Still no? Back to Stack Overflow… .
No clues. I guess I’m on my own.
What is this .selected_editor
file in root’s home directory? Hmm, it already says vim.
Is sudo even launching its command through a shell? Probably not, once I think of it. If it just execs the command directly, no wonder ~/.profile
does nothing.
More Stack Overflow. Most questions are about visudo
, and I see something called sudoedit
, and people are asking how to control which editor that launches. (Why not just run the editor you want? The man page says it lets you keep your own editor configuration. Like my own ~/.vimrc
? That’s cool. Really? How does that work?) But in my case the editor is getting launched by systemd. Surely we would have all been happier if we’d just gone with runit?
Does root have $SYSTEMD_EDITOR
set? Surely not—no, too bad.
Of course I could just edit the file myself, but it’s the principle of the thing.
Okay, I give up:
sudo visudo -f /etc/sudoers.d/20_editor
I typed this:
Defaults env_keep += "editor EDITOR"
So now when I run sudo
, it will pass along my own $EDITOR
choice.
Is this a security hole? I can imagine some possible issues on a server, but for the pi in my garage it seems okay.
Now systemd launches vim! Shamelessly I copy and pasted:
[Unit]
Description=Set WiFi power save %i
After=sys-subsystem-net-devices-wlan0.device
[Service]
Type=oneshot
RemainAfterExit=yes
ExecStart=/sbin/iw dev wlan0 set power_save %i
[Install]
WantedBy=sys-subsystem-net-devices-wlan0.device
I’ve never seen this %i
thing before. The idea is it lets you do this:
sudo systemctl disable wifi_powersave@off.service
sudo systemctl enable wifi_powersave@on.service
or this:
sudo systemctl disable wifi_powersave@on.service
sudo systemctl enable wifi_powersave@off.service
That’s cool.
Oh, better not forget to run it now too:
sudo iw dev wlan0 set power_save off
So I turned off power saving. Maybe that will fix the wifi.

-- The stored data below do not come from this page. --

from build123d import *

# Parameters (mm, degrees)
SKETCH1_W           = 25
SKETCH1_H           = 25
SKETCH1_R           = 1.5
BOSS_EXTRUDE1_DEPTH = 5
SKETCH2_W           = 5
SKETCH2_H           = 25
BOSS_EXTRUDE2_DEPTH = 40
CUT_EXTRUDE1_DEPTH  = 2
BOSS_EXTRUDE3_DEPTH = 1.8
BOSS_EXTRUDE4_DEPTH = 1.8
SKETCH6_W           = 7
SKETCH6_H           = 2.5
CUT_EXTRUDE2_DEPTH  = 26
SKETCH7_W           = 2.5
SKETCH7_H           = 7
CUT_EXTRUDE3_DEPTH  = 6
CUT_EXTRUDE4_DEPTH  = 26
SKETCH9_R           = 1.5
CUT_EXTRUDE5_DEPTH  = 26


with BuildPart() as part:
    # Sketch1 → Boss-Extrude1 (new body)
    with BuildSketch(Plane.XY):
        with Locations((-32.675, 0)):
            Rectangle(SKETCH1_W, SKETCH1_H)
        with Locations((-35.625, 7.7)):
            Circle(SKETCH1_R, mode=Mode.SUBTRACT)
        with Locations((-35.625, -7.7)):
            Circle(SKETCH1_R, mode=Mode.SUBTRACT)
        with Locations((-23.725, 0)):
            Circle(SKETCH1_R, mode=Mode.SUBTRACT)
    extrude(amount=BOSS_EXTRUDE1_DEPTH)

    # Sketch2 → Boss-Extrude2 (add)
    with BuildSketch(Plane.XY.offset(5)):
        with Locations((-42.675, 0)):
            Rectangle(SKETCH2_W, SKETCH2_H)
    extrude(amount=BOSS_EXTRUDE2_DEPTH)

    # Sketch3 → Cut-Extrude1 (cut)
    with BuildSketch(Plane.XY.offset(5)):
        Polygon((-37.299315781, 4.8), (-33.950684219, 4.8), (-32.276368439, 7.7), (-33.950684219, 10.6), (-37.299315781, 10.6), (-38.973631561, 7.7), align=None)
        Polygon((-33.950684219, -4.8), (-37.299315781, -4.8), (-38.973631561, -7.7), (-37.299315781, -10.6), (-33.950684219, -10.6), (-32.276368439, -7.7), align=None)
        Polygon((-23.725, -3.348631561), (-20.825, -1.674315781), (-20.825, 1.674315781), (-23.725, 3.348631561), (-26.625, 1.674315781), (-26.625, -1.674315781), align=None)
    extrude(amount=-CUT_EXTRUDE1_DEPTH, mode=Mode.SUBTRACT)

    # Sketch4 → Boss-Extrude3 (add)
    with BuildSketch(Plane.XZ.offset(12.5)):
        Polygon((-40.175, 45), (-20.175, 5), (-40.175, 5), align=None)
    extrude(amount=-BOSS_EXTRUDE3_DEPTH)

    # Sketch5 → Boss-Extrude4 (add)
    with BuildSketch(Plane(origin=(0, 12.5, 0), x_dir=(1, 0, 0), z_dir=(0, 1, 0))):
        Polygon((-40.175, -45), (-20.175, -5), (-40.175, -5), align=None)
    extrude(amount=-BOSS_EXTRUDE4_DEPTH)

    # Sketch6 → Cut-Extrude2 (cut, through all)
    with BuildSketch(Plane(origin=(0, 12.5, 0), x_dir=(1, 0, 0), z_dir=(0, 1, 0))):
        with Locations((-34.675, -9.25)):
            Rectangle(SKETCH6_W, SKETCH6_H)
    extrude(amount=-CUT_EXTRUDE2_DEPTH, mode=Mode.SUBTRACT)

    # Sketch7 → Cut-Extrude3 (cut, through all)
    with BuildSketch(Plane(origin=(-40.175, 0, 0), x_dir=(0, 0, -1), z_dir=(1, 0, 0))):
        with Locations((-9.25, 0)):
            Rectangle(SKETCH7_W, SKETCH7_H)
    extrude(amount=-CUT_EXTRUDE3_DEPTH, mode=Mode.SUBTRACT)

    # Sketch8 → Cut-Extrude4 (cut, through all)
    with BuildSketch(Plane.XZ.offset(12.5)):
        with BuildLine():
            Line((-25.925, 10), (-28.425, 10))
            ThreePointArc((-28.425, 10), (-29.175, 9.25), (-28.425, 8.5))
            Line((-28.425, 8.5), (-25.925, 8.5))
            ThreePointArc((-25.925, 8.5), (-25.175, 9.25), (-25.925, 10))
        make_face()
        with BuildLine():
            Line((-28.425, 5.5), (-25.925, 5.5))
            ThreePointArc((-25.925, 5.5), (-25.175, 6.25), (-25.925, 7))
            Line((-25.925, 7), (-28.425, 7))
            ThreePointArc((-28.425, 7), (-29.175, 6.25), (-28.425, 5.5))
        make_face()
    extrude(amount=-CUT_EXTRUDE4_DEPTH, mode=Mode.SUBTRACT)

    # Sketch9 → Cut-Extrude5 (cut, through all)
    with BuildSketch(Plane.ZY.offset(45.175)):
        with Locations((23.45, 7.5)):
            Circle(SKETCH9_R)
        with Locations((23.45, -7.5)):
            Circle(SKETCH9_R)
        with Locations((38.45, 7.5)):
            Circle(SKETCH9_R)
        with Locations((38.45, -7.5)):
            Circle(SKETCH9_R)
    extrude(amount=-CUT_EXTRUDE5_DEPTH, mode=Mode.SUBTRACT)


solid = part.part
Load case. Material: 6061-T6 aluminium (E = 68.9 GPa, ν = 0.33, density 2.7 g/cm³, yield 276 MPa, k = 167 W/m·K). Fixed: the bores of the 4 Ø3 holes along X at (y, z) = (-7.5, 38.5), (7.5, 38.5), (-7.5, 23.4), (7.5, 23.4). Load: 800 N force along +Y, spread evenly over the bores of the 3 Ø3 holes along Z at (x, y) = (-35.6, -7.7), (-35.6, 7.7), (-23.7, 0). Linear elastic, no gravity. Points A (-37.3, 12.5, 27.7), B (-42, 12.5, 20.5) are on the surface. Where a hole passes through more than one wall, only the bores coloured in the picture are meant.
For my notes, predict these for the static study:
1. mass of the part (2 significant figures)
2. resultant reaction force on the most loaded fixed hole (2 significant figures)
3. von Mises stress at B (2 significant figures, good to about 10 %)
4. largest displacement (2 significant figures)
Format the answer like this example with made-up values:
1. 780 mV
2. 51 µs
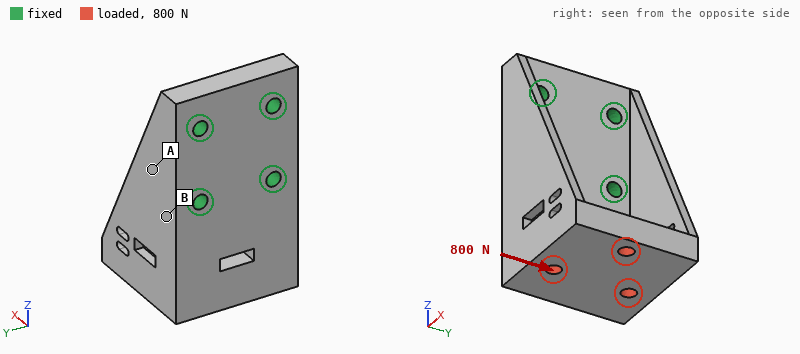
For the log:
1. 24 g
2. 1.2 kN
3. 36 MPa
4. 89 µm
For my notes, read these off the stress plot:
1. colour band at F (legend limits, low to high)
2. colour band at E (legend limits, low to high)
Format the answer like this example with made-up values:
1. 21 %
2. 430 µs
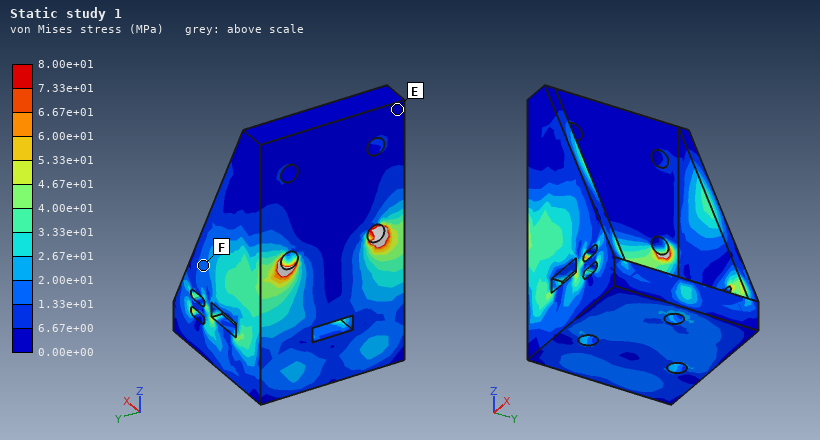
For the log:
1. 1.33e+01 to 2.00e+01 MPa
2. 0.00e+00 to 6.67e+00 MPa
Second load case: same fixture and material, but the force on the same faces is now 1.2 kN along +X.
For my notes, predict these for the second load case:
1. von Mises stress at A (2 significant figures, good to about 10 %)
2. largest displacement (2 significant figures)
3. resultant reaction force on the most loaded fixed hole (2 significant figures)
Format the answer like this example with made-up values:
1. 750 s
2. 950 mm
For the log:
1. 43 MPa
2. 0.11 mm
3. 1.2 kN
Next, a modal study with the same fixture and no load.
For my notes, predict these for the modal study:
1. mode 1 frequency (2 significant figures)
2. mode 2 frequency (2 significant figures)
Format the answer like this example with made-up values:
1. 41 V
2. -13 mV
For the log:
1. 5700 Hz
2. 5900 Hz
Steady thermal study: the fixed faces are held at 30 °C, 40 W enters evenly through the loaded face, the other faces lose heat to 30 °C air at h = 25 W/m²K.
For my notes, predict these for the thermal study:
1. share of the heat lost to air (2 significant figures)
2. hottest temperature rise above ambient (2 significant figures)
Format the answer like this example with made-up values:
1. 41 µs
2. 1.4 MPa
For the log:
1. 7.0 %
2. 52 K
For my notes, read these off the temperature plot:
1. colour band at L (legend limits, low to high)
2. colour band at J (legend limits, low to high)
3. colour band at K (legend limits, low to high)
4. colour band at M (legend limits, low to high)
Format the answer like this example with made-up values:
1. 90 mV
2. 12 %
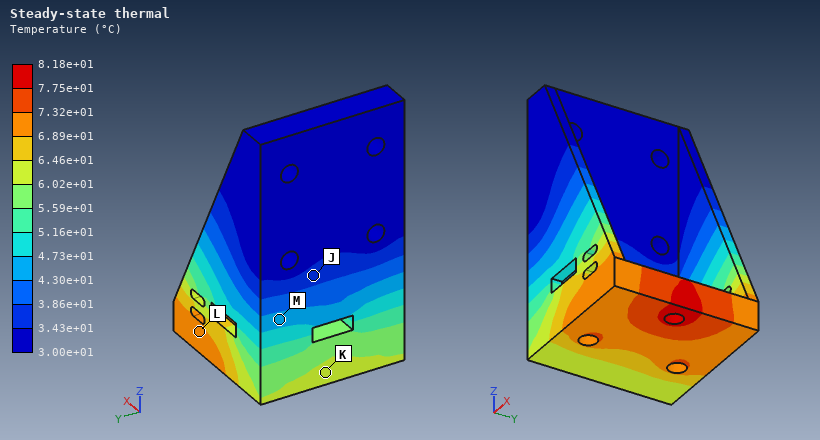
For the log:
1. 6.89e+01 to 7.32e+01 °C
2. 3.43e+01 to 3.86e+01 °C
3. 6.02e+01 to 6.46e+01 °C
4. 4.30e+01 to 4.73e+01 °C

Let’s check the log file. Have the sprinklers been running?:
2024-06-30 06:00:01: Starting the front
2024-06-30 06:42:03: Finished the front
2024-07-01 06:00:01: Starting the back
2024-07-01 06:36:03: Finished the back
2024-07-02 06:00:01: Starting the front
2024-07-02 06:42:02: Finished the front
2024-07-03 06:00:01: Starting the back
2024-07-03 06:36:02: Finished the back
2024-07-04 06:00:01: Starting the front
2024-07-04 06:42:03: Finished the front
2024-07-05 06:00:01: Starting the back
2024-07-05 06:36:03: Finished the back
2024-07-06 06:00:01: Starting the front
2024-07-06 06:42:03: Finished the front
2024-07-07 06:00:01: Starting the back
2024-07-07 06:36:02: Finished the back
2024-07-08 06:00:01: Starting the front
2024-07-08 06:42:03: Finished the front
2024-07-09 06:00:01: Starting the back
2024-07-09 06:36:03: Finished the back
2024-07-10 06:00:01: Starting the front
2024-07-10 06:42:02: Finished the front
2024-07-11 06:00:02: Starting the back
2024-07-11 06:36:03: Finished the back
2024-07-12 06:00:01: Starting the front
2024-07-12 06:42:03: Finished the front
2024-07-13 06:00:01: Starting the back
2024-07-13 06:36:03: Finished the back
They’ve been running all along! 40 minutes for the front, 30 for the back.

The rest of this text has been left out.